Agents in Video Games
Modern video game NPCs use AI to react more naturally — they remember conversations, change behavior over time, and feel more alive.
Old NPCs followed scripts. New ones make choices based on what is happening.
Three things AI NPCs do
- Remember player choices over time
- React differently based on player history
- Generate dialog on the fly instead of pre-written
The big idea: AI NPCs make games feel deeper — and more like worlds you actually live in.
End-of-lesson check
15 questions · take it digitally for instant feedback at tendril.neural-forge.io/learn/quiz/end-builders-agentic-agent-game-ai
Which sentence best captures the main idea of 'Agents in Video Games'?

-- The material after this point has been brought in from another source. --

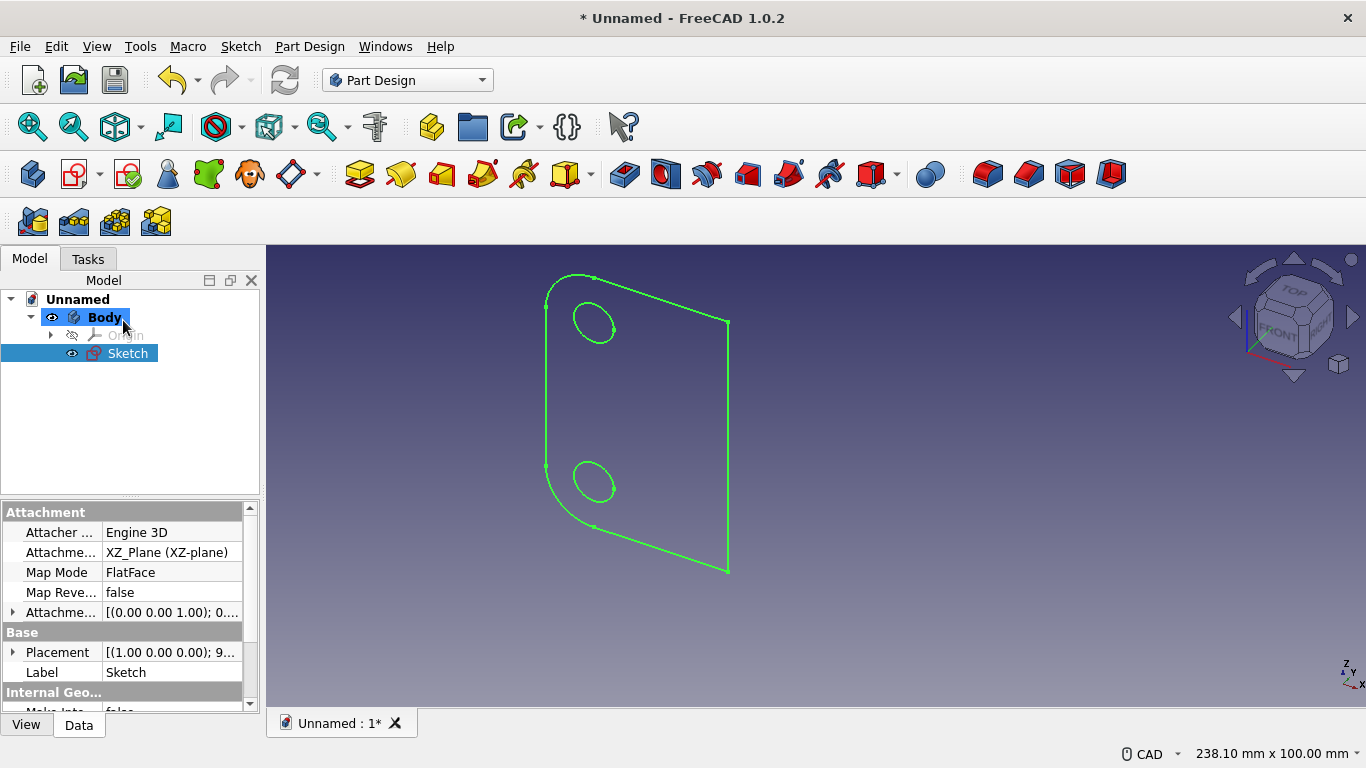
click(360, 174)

- Agents should always run without limits or oversight
- Tools and goals are unnecessary for agent design
- Agents and chatbots are the same thing in every way
- Modern video game NPCs use AI to react more naturally — they remember conversations, change behavior over time, and feel more alive..
Which of the following is part of 'A typical AI-NPC behavior'?
- Hide tool calls from the operator
- Use the most expensive model regardless of fit
- Ignore cost when scaling
- An NPC remembers you helped them last week. This week they offer you a discount. Next week they are hostile because you sided with their rival.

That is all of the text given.